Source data

_ _ _ _

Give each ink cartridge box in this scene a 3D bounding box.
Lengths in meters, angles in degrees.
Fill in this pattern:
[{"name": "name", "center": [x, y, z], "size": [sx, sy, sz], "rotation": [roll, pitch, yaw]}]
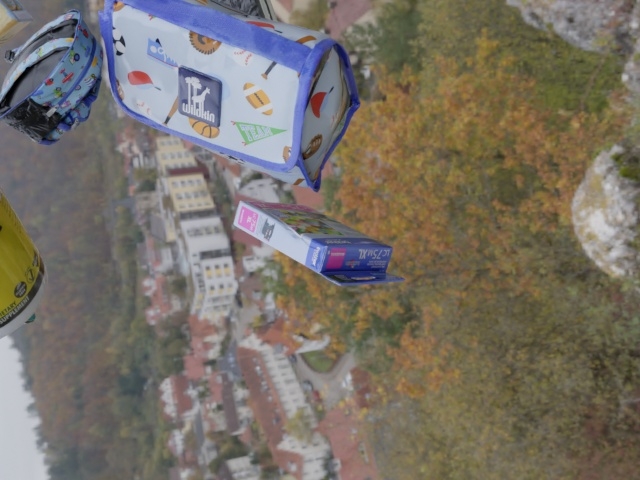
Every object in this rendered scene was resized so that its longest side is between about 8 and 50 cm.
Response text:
[{"name": "ink cartridge box", "center": [0.000, 0.000, 1.382], "size": [0.311, 0.186, 0.065], "rotation": [31, 110, 42]}]

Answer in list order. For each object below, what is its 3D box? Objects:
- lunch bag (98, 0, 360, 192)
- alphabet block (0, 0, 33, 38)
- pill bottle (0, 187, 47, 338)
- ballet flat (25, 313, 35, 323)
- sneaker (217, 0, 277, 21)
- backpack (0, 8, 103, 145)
[{"name": "lunch bag", "center": [-0.131, -0.246, 1.133], "size": [0.385, 0.328, 0.239], "rotation": [61, -129, -80]}, {"name": "alphabet block", "center": [-0.790, -0.502, 1.605], "size": [0.192, 0.197, 0.193], "rotation": [50, -177, -19]}, {"name": "pill bottle", "center": [-0.485, -0.027, 0.891], "size": [0.334, 0.188, 0.188], "rotation": [81, 170, -49]}, {"name": "ballet flat", "center": [-0.559, 0.129, 1.281], "size": [0.114, 0.041, 0.041], "rotation": [36, -145, -60]}, {"name": "sneaker", "center": [-0.119, -0.539, 1.493], "size": [0.169, 0.257, 0.447], "rotation": [-34, 77, 48]}, {"name": "backpack", "center": [-0.379, -0.242, 1.055], "size": [0.173, 0.117, 0.158], "rotation": [-29, 45, 27]}]
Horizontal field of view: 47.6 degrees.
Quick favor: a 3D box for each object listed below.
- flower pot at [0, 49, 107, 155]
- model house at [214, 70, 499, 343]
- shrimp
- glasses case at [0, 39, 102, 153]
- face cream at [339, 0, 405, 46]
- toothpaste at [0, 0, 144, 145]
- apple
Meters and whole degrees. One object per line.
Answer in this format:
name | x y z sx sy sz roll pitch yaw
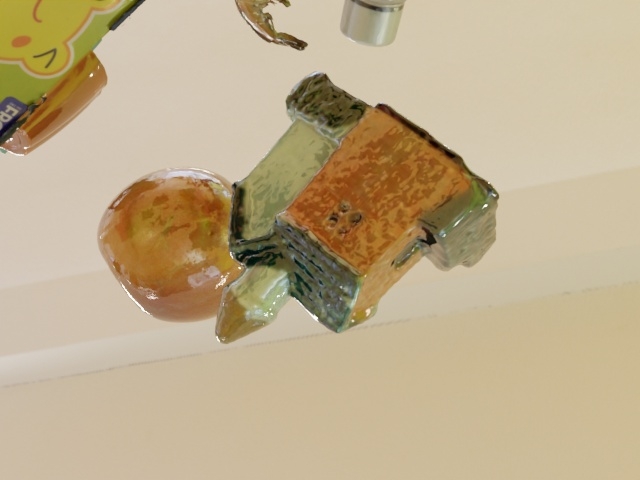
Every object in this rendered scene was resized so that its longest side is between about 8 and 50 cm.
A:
flower pot | -0.453 -0.234 1.118 0.191 0.190 0.173 12 -122 21
model house | 0.000 0.000 0.756 0.291 0.184 0.253 -44 -116 -9
shrimp | -0.038 -0.370 1.157 0.195 0.148 0.035 -6 -137 29
glasses case | -0.567 -0.321 1.403 0.117 0.070 0.301 32 -101 11
face cream | 0.094 -0.401 0.908 0.089 0.314 0.143 8 -142 -9
toothpaste | -0.193 -0.183 0.491 0.327 0.110 0.077 -40 -131 12
apple | -0.218 0.013 1.118 0.253 0.253 0.253 -6 -118 12
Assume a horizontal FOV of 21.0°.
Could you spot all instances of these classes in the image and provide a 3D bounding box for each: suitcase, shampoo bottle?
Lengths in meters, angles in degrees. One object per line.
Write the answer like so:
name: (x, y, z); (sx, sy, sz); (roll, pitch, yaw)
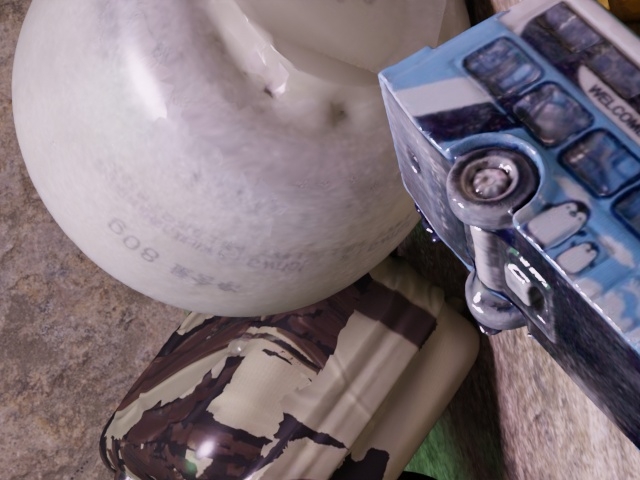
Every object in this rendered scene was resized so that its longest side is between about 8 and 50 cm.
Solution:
suitcase: (-0.048, 0.164, 1.474); (0.194, 0.339, 0.351); (41, 162, -13)
shampoo bottle: (-0.055, -0.110, 1.243); (0.317, 0.322, 0.322); (-36, 70, 66)

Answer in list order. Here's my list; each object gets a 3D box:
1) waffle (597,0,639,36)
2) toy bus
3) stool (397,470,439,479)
waffle: (0.150, -0.158, 0.875); (0.211, 0.055, 0.160); (-174, 68, -79)
toy bus: (0.150, 0.013, 0.769); (0.297, 0.131, 0.106); (48, 165, 36)
stool: (0.066, 0.314, 1.436); (0.264, 0.179, 0.179); (-84, -19, -81)
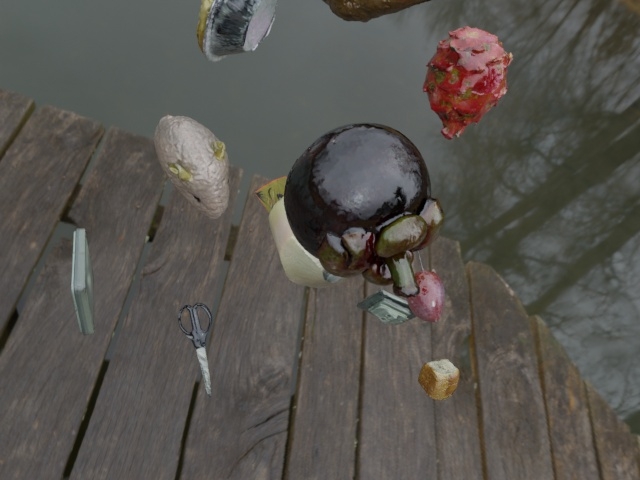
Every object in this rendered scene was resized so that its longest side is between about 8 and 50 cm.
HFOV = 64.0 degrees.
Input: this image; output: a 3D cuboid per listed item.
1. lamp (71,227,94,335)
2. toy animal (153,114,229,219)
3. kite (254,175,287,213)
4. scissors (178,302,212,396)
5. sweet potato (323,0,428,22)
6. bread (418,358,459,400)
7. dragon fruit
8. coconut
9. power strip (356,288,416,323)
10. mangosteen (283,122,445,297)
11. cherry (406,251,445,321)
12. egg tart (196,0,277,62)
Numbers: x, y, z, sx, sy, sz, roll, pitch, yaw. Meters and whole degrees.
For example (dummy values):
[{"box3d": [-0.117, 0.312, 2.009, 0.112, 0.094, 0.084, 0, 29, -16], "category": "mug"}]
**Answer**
[{"box3d": [-0.776, 0.136, 1.683, 0.047, 0.269, 0.267, -3, 48, -19], "category": "lamp"}, {"box3d": [-0.377, -0.247, 1.511, 0.188, 0.226, 0.358, -33, 76, -20], "category": "toy animal"}, {"box3d": [-0.114, -0.108, 1.823, 0.327, 0.013, 0.378, 25, 40, -42], "category": "kite"}, {"box3d": [-0.376, 0.347, 1.609, 0.109, 0.022, 0.300, -10, 90, 5], "category": "scissors"}, {"box3d": [0.090, -0.505, 1.064, 0.341, 0.092, 0.114, 22, 57, 43], "category": "sweet potato"}, {"box3d": [0.291, 0.337, 1.249, 0.083, 0.070, 0.077, -2, 31, -33], "category": "bread"}, {"box3d": [0.358, -0.390, 1.281, 0.205, 0.268, 0.210, 4, 26, -7], "category": "dragon fruit"}, {"box3d": [0.000, 0.000, 1.254, 0.238, 0.239, 0.244, 1, 43, -27], "category": "coconut"}, {"box3d": [0.265, 0.279, 1.974, 0.213, 0.198, 0.065, 26, 56, -12], "category": "power strip"}, {"box3d": [0.066, -0.032, 0.689, 0.211, 0.211, 0.250, -13, 62, -34], "category": "mangosteen"}, {"box3d": [0.235, 0.086, 1.194, 0.107, 0.090, 0.226, 48, 29, -56], "category": "cherry"}, {"box3d": [-0.154, -0.449, 1.009, 0.094, 0.234, 0.234, 34, 48, 1], "category": "egg tart"}]
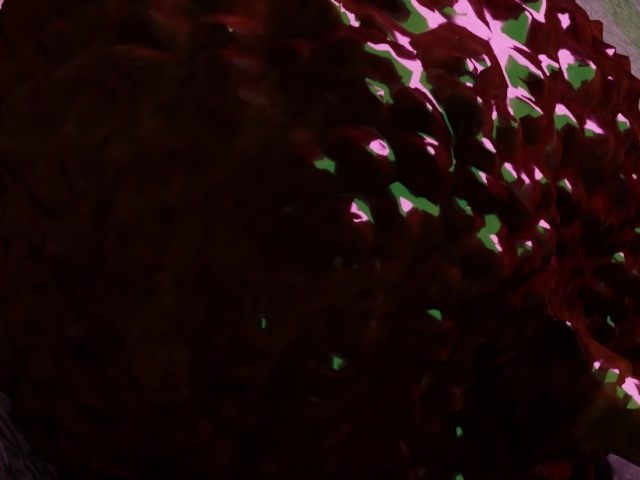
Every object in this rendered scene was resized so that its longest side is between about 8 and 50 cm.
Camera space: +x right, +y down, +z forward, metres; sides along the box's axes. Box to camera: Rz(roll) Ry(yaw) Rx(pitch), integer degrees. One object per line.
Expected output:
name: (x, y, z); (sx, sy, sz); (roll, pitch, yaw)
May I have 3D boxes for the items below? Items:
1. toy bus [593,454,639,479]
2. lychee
toy bus: (0.173, 0.238, 0.879); (0.329, 0.143, 0.153); (56, 10, 15)
lychee: (0.000, 0.000, 0.711); (0.304, 0.275, 0.276); (26, 6, 29)
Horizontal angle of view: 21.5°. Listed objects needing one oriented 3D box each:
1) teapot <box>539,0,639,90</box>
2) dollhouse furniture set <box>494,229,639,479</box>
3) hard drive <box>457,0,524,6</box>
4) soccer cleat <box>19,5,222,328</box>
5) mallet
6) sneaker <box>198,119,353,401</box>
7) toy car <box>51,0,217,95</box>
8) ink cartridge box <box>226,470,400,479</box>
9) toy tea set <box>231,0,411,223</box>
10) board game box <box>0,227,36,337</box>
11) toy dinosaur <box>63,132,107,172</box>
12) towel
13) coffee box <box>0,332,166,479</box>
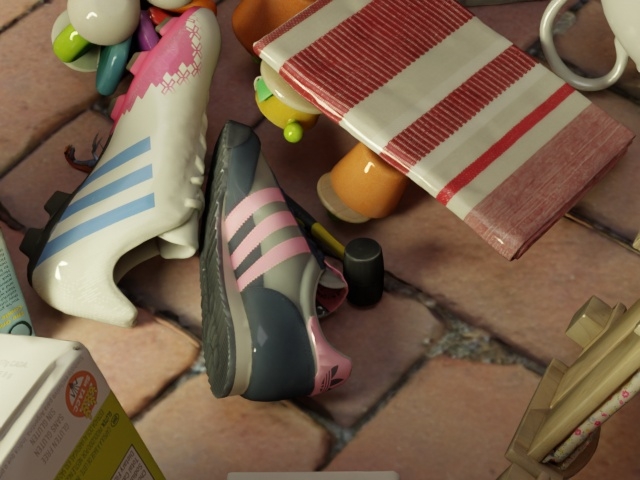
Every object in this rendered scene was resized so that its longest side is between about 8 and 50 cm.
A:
[{"bbox_3d":[0.395,-0.223,1.712,0.253,0.187,0.256,-9,20,-28],"label":"teapot"},{"bbox_3d":[0.326,0.087,1.372,0.174,0.303,0.355,37,41,-1],"label":"dollhouse furniture set"},{"bbox_3d":[0.248,-0.414,1.967,0.233,0.047,0.353,-5,50,0],"label":"hard drive"},{"bbox_3d":[-0.155,-0.066,1.632,0.143,0.116,0.331,27,77,7],"label":"soccer cleat"},{"bbox_3d":[0.000,0.000,1.644,0.039,0.062,0.190,-25,37,-25],"label":"mallet"},{"bbox_3d":[-0.044,0.020,1.595,0.131,0.112,0.319,5,51,-13],"label":"sneaker"},{"bbox_3d":[-0.191,-0.222,1.791,0.182,0.159,0.136,-34,91,-23],"label":"toy car"},{"bbox_3d":[-0.009,0.290,1.356,0.148,0.086,0.203,-1,50,4],"label":"ink cartridge box"},{"bbox_3d":[0.002,-0.149,1.742,0.200,0.124,0.336,20,43,-18],"label":"toy tea set"},{"bbox_3d":[-0.369,0.007,1.502,0.144,0.275,0.142,-32,54,-21],"label":"board game box"},{"bbox_3d":[-0.225,-0.076,1.720,0.082,0.047,0.090,-11,58,19],"label":"toy dinosaur"},{"bbox_3d":[0.123,-0.137,1.662,0.329,0.037,0.237,39,48,14],"label":"towel"},{"bbox_3d":[-0.306,0.288,1.173,0.338,0.334,0.338,4,47,32],"label":"coffee box"}]

_ _ _ _

Task brief ::
Filter the entries above and keep only the lines with the word "below".

Your response ::
Answer in list order. For each object below, what is its 3D box? Objects:
Quick favor: a 3D box for each object listed below.
May I have 3D boxes for the items below? Items:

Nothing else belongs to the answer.